## ACTION ITEM
Only the text of the entries below should be returned, exactly as given, without pictures.
++++ INPUT MATERIAL ++++
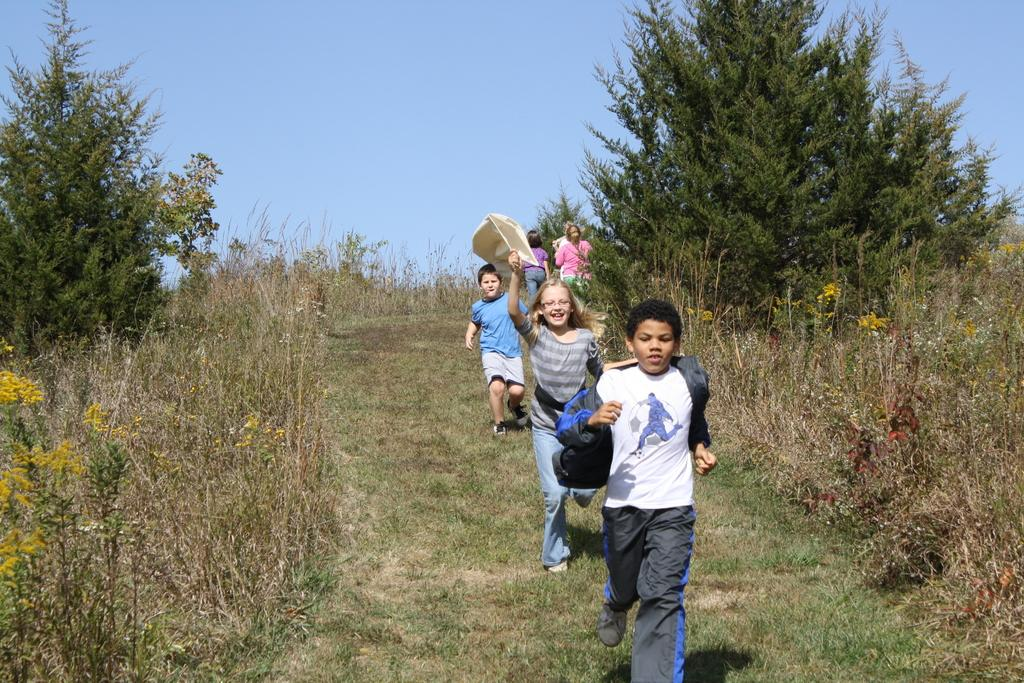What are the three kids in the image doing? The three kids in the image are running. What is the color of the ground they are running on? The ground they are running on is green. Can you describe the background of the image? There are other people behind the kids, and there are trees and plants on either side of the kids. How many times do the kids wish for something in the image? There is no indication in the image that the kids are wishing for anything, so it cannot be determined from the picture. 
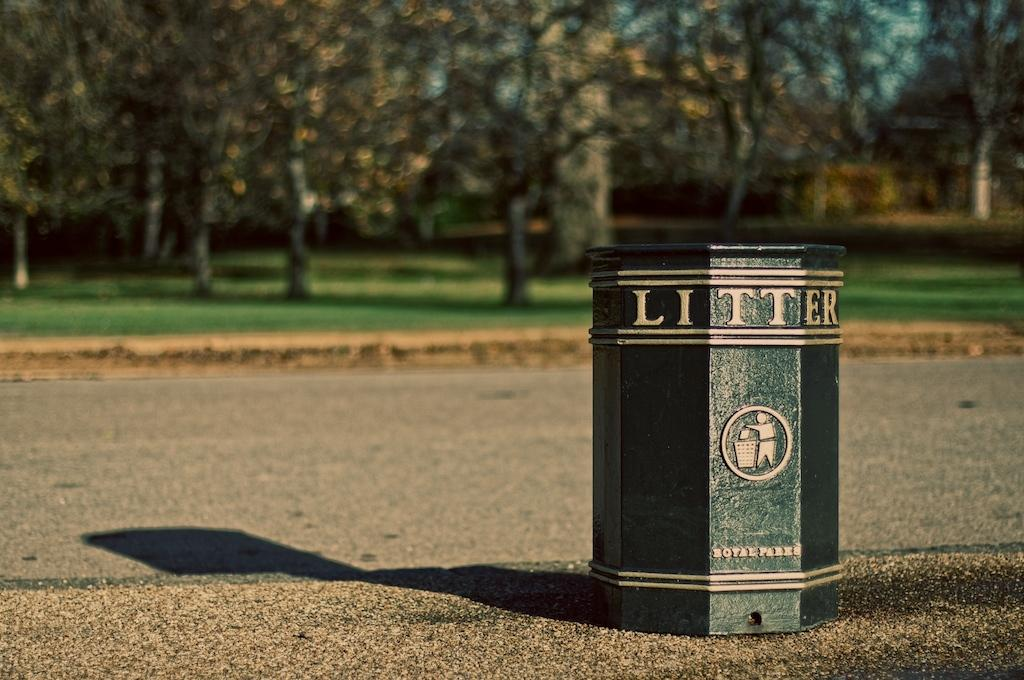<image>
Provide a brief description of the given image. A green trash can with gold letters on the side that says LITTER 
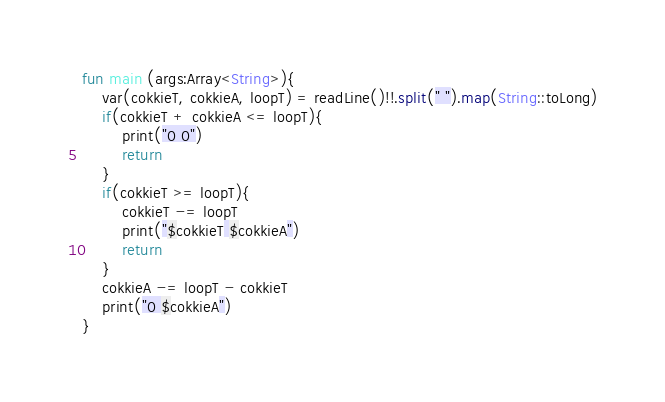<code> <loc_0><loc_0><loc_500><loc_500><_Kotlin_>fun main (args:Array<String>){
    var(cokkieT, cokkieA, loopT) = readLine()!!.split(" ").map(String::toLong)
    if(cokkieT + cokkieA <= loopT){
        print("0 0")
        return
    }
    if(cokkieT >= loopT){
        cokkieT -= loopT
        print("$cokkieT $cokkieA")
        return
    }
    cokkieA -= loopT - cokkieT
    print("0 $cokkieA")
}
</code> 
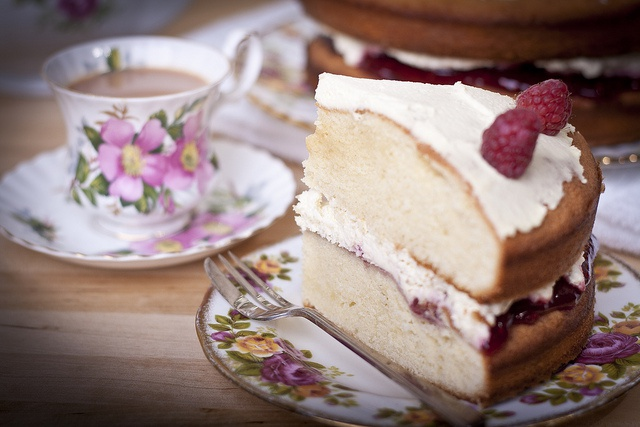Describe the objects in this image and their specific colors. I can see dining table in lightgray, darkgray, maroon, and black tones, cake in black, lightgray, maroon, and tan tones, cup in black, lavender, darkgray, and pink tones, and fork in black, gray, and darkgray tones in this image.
++++
## RESPONSE BOX
What are the three kids in the image doing? The three kids in the image are running. What is the color of the ground they are running on? The ground they are running on is green. Can you describe the background of the image? There are other people behind the kids, and there are trees and plants on either side of the kids. How many times do the kids wish for something in the image? There is no indication in the image that the kids are wishing for anything, so it cannot be determined from the picture. 
<image>
Provide a brief description of the given image. A green trash can with gold letters on the side that says LITTER 
<code> <loc_0><loc_0><loc_500><loc_500><_Kotlin_>fun main (args:Array<String>){
    var(cokkieT, cokkieA, loopT) = readLine()!!.split(" ").map(String::toLong)
    if(cokkieT + cokkieA <= loopT){
        print("0 0")
        return
    }
    if(cokkieT >= loopT){
        cokkieT -= loopT
        print("$cokkieT $cokkieA")
        return
    }
    cokkieA -= loopT - cokkieT
    print("0 $cokkieA")
}
</code> 
Describe the objects in this image and their specific colors. I can see dining table in lightgray, darkgray, maroon, and black tones, cake in black, lightgray, maroon, and tan tones, cup in black, lavender, darkgray, and pink tones, and fork in black, gray, and darkgray tones in this image.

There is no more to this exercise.